Michael Ferber hat in der NZZ die Ergebnisse der Neurentenstatistik 2019 des BFS ausgewertet und mit Expertinnen von UBS und Avenir Suisse diskutiert.

Laut der Statistik lag eine neue Altersrente bei den Frauen 2019 im Median bei 1160 Fr. pro Monat, bei den Männern waren es hingegen 2144 Fr. Der Median bedeutet, dass die eine Hälfte der Renten grösser, die andere kleiner ist als dieser. Auch bei den Kapitalbezügen im Jahr 2019 war der Medianbetrag bei den Frauen mit 59 000 Fr. deutlich geringer als bei den Männern (142 900 Fr.).

Für eine zusätzliche Problematik sorgt derweil die Tatsache, dass die Pensionskassenrenten für beide Geschlechter im Vergleich mit 2017 niedriger liegen. Dies dürfte mit den Kürzungen der Pensionskassen zu tun haben, mit denen diese auf die ultraniedrigen Zinsen und die demografische Entwicklung reagieren. Im Jahr 2017 hatte eine neu ausbezahlte Altersrente im Median für Frauen 1221 Fr. und für Männer 2301 Fr. betragen.

Der Hauptgrund für die grossen Unterschiede zwischen den Geschlechtern dürfte in den unterschiedlichen Erwerbsbiografien zu finden sein. «Dass Frauen im Durchschnitt bei Erreichen des Rentenalters nur etwa halb so hohe Pensionskassenrenten erhalten wie Männer erklärt sich primär dadurch, dass ihre Arbeit während der Erziehungsphase aus finanzieller Sicht lediglich dem Staat zugutekommt», sagen Veronica Weisser und Jackie Bauer von der Grossbank UBS. (…)

Laut Weisser und Bauer ist ein durchschnittliches Paar mit zwei Kindern bei Erreichen des Rentenalters um gut 1 Mio. Fr. schlechter gestellt als das identische Paar ohne Kinder, wie eine Studie der Grossbank vom vergangenen Jahr gezeigt habe. Der grösste Kostenpunkt für Eltern sei in der Regel die Reduktion des Erwerbseinkommens aufgrund der Betreuung und entschleunigter Karrieren, was sich auch direkt auf die berufliche Vorsorge niederschlage. Die Reduktion der Erwerbseinkommen treffe Mütter stärker als Väter, insbesondere dann, wenn es zu einer Scheidung komme und der Karriereverlauf der Frau stark eingeknickt sei.

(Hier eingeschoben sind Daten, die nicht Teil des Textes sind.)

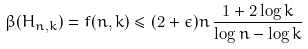Convert formula to latex. <formula><loc_0><loc_0><loc_500><loc_500>\beta ( H _ { n , k } ) = f ( n , k ) \leq ( 2 + \epsilon ) n \, \frac { 1 + 2 \log k } { \log n - \log k }</formula> 
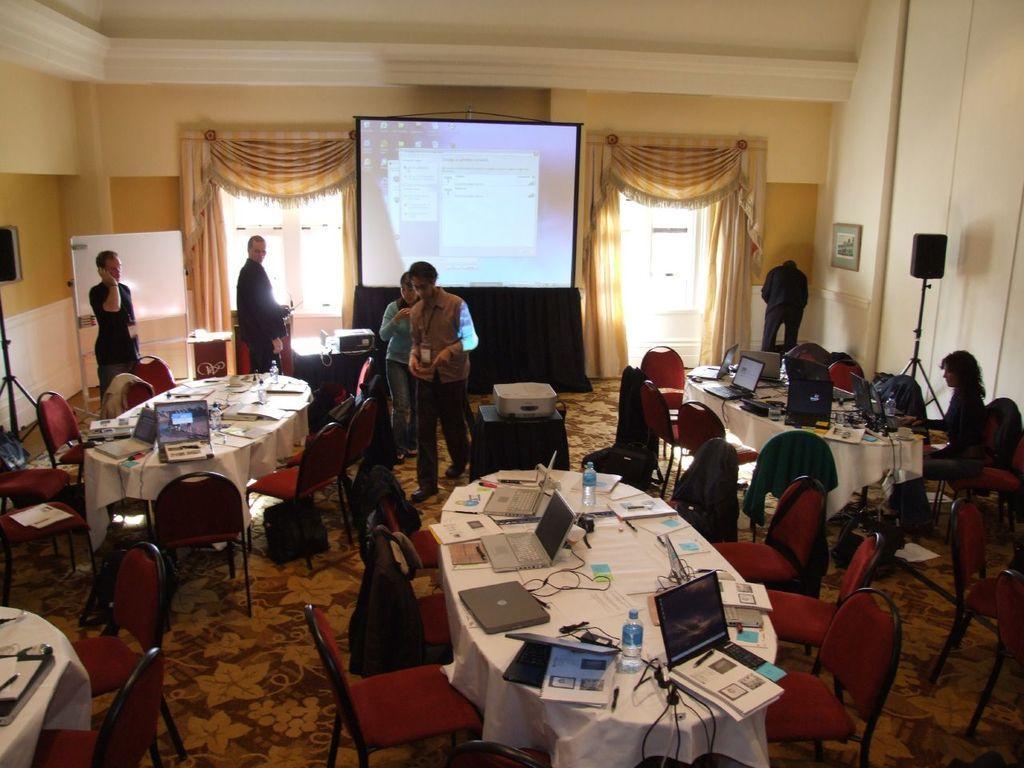Describe this image in one or two sentences. The photo is inside a hall. There are three tables surrounded by chairs. On the table there are laptops,bottles and papers. Few people are standing in the room. One lady on right side is sitting. Beside her there is a speaker. In the background there is a screen two windows with curtains and a white board is there.

«Die heutige Rentendifferenz spiegelt die Lebensgestaltung von Frauen und Männern wider, die in den 1960ern und 1970ern in das Erwerbsleben eintraten und sagt deshalb wenig über die Situation der zukünftigen Rentnerinnen aus», sagt derweil Valérie Müller, Senior Researcher beim Think Tank Avenir Suisse. Die Familienmodelle hätten sich aber in den vergangenen Jahrzehnten gewandelt, sagt Müller. Die Erwerbsquote der Frauen sei in den letzten drei Jahrzehnten von 68% auf 80% gestiegen und habe sich beinahe an jene der Männer (88%) angeglichen.

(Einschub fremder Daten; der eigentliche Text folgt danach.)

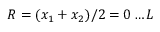<formula> <loc_0><loc_0><loc_500><loc_500>R = ( x _ { 1 } + x _ { 2 } ) / 2 = 0 \dots L</formula> 
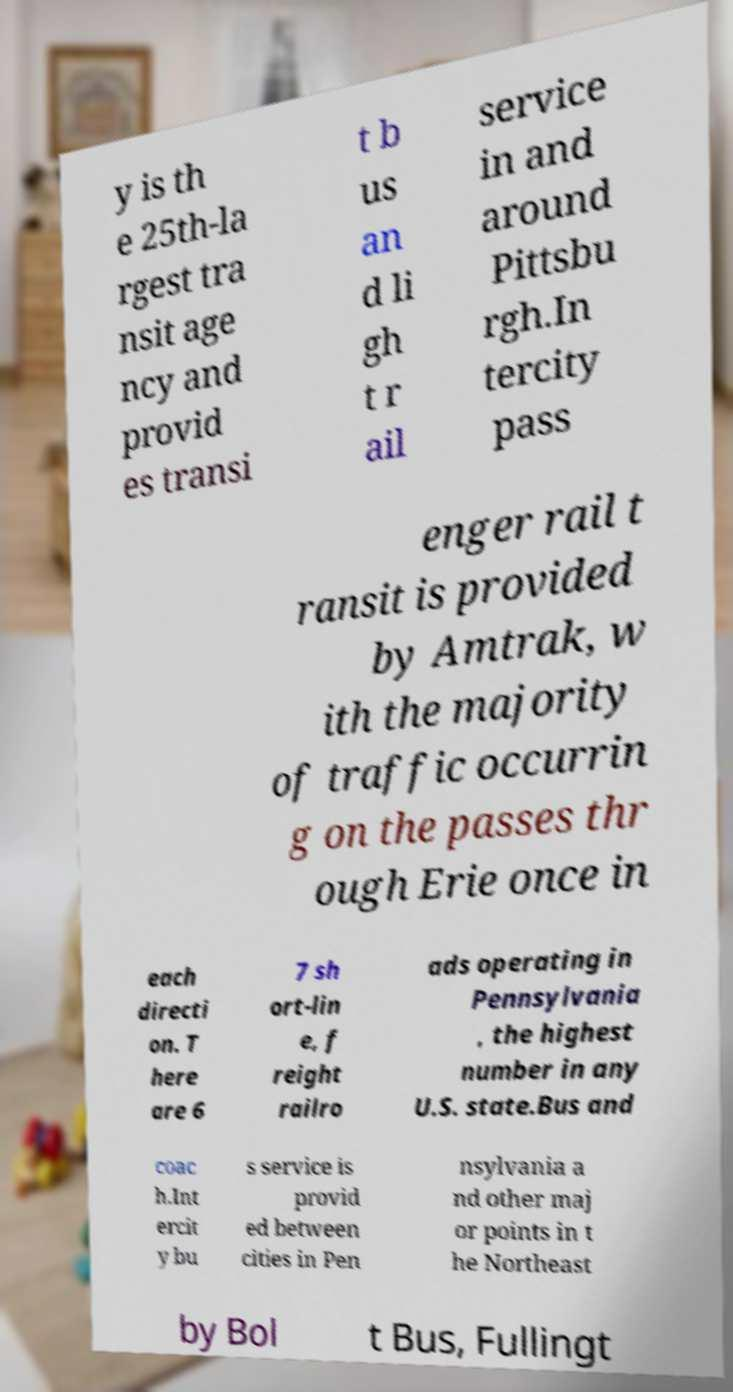Please identify and transcribe the text found in this image. y is th e 25th-la rgest tra nsit age ncy and provid es transi t b us an d li gh t r ail service in and around Pittsbu rgh.In tercity pass enger rail t ransit is provided by Amtrak, w ith the majority of traffic occurrin g on the passes thr ough Erie once in each directi on. T here are 6 7 sh ort-lin e, f reight railro ads operating in Pennsylvania , the highest number in any U.S. state.Bus and coac h.Int ercit y bu s service is provid ed between cities in Pen nsylvania a nd other maj or points in t he Northeast by Bol t Bus, Fullingt

(…) Müller rät Frauen, sich lieber früher als später mit der eigenen Altersvorsorge auseinander zu setzen. Neben der Wahl des Erwerbsmodells könne auch das Vermeiden von Vorsorgelücken und das private Sparen in der Säule 3a einen bedeutenden Einfluss auf die Höhe der Rente haben. Wie eine Studie der Credit Suisse zeige, zahlten Frauen etwas weniger oft in die Säule 3a ein als Männer.

Weisser und Bauer raten Frauen, die Kinder haben und nicht oder nur mit tiefem Lohn arbeiten, sicherzustellen, dass sie zumindest durch die Ehe etwas besser versichert sind. Zudem sollten Mütter soweit wie möglich versuchen, ihre Erwerbskarrieren intakt zu halten und möglichst rasch mit möglichst hohem Pensum wieder in den Arbeitsmarkt eintreten. Es bleibe auch die Möglichkeit, den Lebensstandard bewusst zu reduzieren, um tiefere Kosten zu haben und entsprechend mehr sparen zu können, beispielsweise in der Säule 3a oder auch durch einen Pensionskasseneinkauf. Ausserdem sollte auf die Gesundheit geachtet werden, um möglicherweise länger arbeiten zu können.